# Removing shell primers



## yarydoc (Dec 7, 2008)

What is the best way to remove shell primers if you don’t have access to a re loader. I tried to go through the inside with a punch but that doesn’t work. If I put longer tubes in 30/06 shells will the transmission lock up when I have to press it deeper?  Sometimes it seems like the more I read the less I know. Thanks for the help.

Ray


----------



## TexasSteel (Dec 7, 2008)

I have had good luck with an ice pick. I put the handle end of the pic to my work bench, put the open end of the cartridge over the pick end. The tip of the pick will fit in the back side of the primer. I use a small peice of ss tubing and a small hammer on top of the shell to knock the primer out. You are using spent shells ..... right???


----------



## yarydoc (Dec 7, 2008)

Yes I am using spent shells. I tried using a pointed punch from the inside on a board with a small hole in it and it bends the shell and still wont come out. How tight is the primer?


----------



## TexasSteel (Dec 7, 2008)

yarydoc said:


> Yes I am using spent shells. I tried using a pointed punch from the inside on a board with a small hole in it and it bends the shell and still wont come out. How tight is the primer?

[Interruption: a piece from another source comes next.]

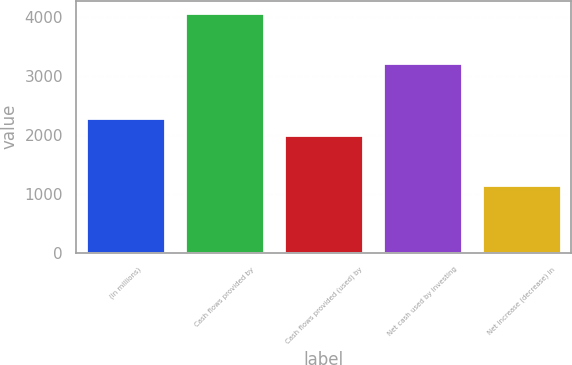<chart> <loc_0><loc_0><loc_500><loc_500><bar_chart><fcel>(in millions)<fcel>Cash flows provided by<fcel>Cash flows provided (used) by<fcel>Net cash used by investing<fcel>Net increase (decrease) in<nl><fcel>2291<fcel>4069<fcel>1999<fcel>3219<fcel>1149<nl></chart>

pretty tight the point on the ice pick will fit in the small hole in the back of the primer. the casing this way is not in contact with  the bench. a few taps with a hammer on the tubing will knock it out


----------



## hunter-27 (Dec 7, 2008)

I'd find someone who reloads(much easier). Wish I were closer I would do it for you.  It will only take a few minutes to to a bunch of them with the right equipment.  It will also ensure the neck of the casing is perfectly round in the same stroke.  If it did not cost so much to ship, I'd say send em to me and I'd help you out but it would cost to much to be practical so I would look for someone local to help you out.


----------



## CaptG (Dec 7, 2008)

Ray, are these military brass?  they had what I believe was a Berdan, or something like that, primer.  It does not have one center hole, but a couple smaller holes.  You can not de-prime these the normal way.  They do make special equipment to de-prime these, but you need the rest of the reloading gear to go with it.  I have a piece of 2X4 with a hole just a bit bigger than the cartridge about 1/8 in. deep with another hole centered in first hole thru the wood just a bit bigger than the primer.  I set the brass upright in this and with the smallest punch in the Harbor Freight transfer punch set, knock them out with a couple light taps with a hammer.  No problem, until I came across a couple military rounds.  If the brass has a date on the head stamp instead of a brand name, probably military.  Hope this helps.


----------



## bkersten (Dec 7, 2008)

The military ones also have that extra little rim stamped on to help hold the primer in that needs extra pressure to get out. Reloading press is best.


----------



## cowchaser (Dec 7, 2008)

take a 2x4 and drill a hole the size of the shell casing. Then another slightly larger than your primer inside of that. Put an old bit in your drill press and press it out. Basically the same as a reloader primer removal.


----------



## ronhampton (Dec 7, 2008)

drill primer out with a bit just smaller than the primer, most times primer will come right out, leaving a pilot hole for drilling casing,hope this helps,--ron.--


----------



## cozee (Dec 7, 2008)

I have done several hundred casings with the home brewed tools below. 1/4" bolt with one end turned down to drive the primer out. The holder is made out of PVC and drilled to hold the casing yet allow the spent primer to drop.


----------



## yarydoc (Dec 8, 2008)

Great ideas, thanks everone. I didn't know the primer hole was so small. I'll punch these out and play with them this weekend. Hope you all have a Merry Christmas. 

Thanks Again
Ray


----------